E poi un pensiero ai giorni festivi, alla Pasqua. “So che è un momento di serenità e condivisione ma purtroppo, e lo dico con un dispiacere personale, saremo ad affrontare questi giorni sotto questo regime restrittivo, chiedo agli italiani questo sforzo ulteriore che ci consentirà però di iniziare a valutare una prospettiva”.

“Nel momento in cui i dati sulla stabilizzazione dei contagi dovessero consolidarsi – conclude Conte – non vi posso dire il 14 aprile perché non siamo nella condizione, ma ci confronteremo con gli esperti del comitato tecnico scientifico e valutando la curva epidemiologica potremo iniziare ad approcciare la fase due, di convivenza con il virus, per poi arrivare alla fase tre, che è l’uscita dall’emergenza, della ricostruzione e del rilancio della vita sociale ed economica”.

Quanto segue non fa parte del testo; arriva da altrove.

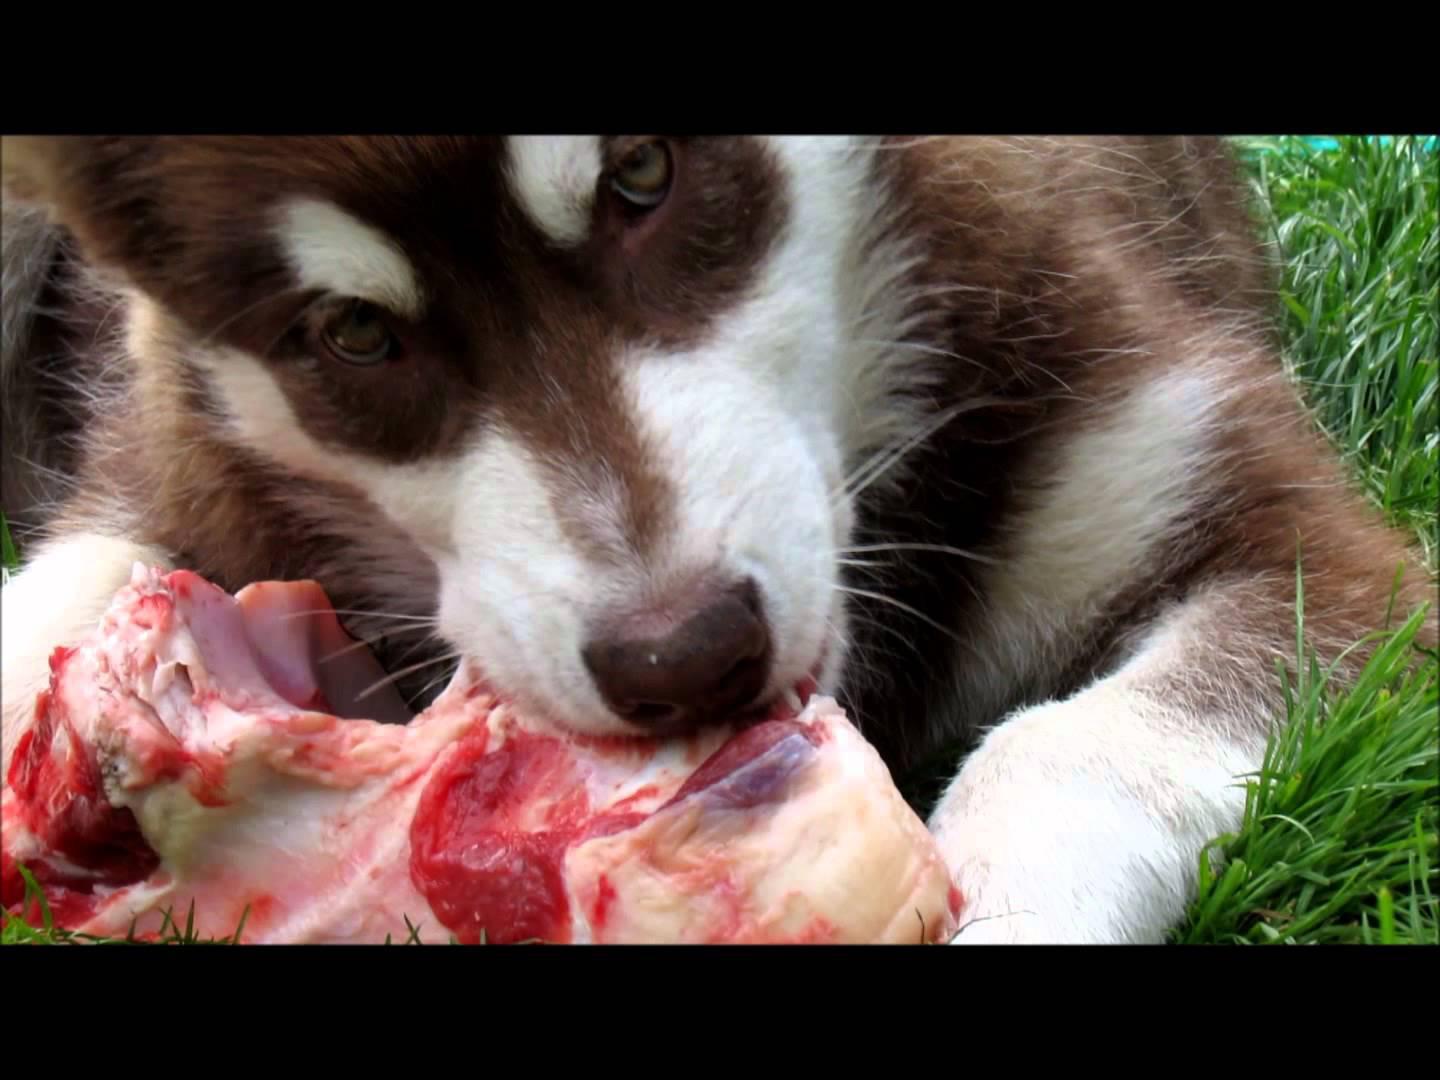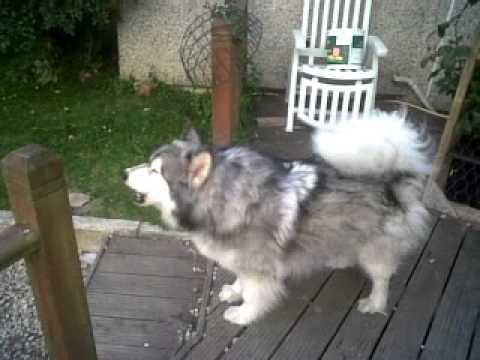The first image is the image on the left, the second image is the image on the right. For the images displayed, is the sentence "The husky is holding something in its mouth." factually correct? Answer yes or no. Yes. The first image is the image on the left, the second image is the image on the right. Assess this claim about the two images: "There are two dogs on grass.". Correct or not? Answer yes or no. No.

Rispetto alle misure, sono le stesse del dpcm iattualmente in vigore fino al 3 aprile e cioè: divieto di spostarsi in un Comune diverso da quello in cui ci si trova se non per “comprovate esigenze lavorative, di assoluta urgenza, o motivi di salute”. Si può uscire per fare la spesa, andare in farmacia, acquistare altri prodotti di prima necessità (anche in un altro Comune se nel proprio non è possibile e comunque giustificando il motivo), per andare in edicola, per portare a spasso il cane ma rimanendo in prossimità della propria abitazione. I bambini possono uscire con uno dei due genitori ma rimanendo “in prossimità della propria abitazione”. Il nuovo decreto conferma le limitazioni all’attività motoria e, in generale, all’attività motoria all’aperto: si possono fare “ma da soli e in prossimità della propria abitazione”. È vietato andare nelle seconde case.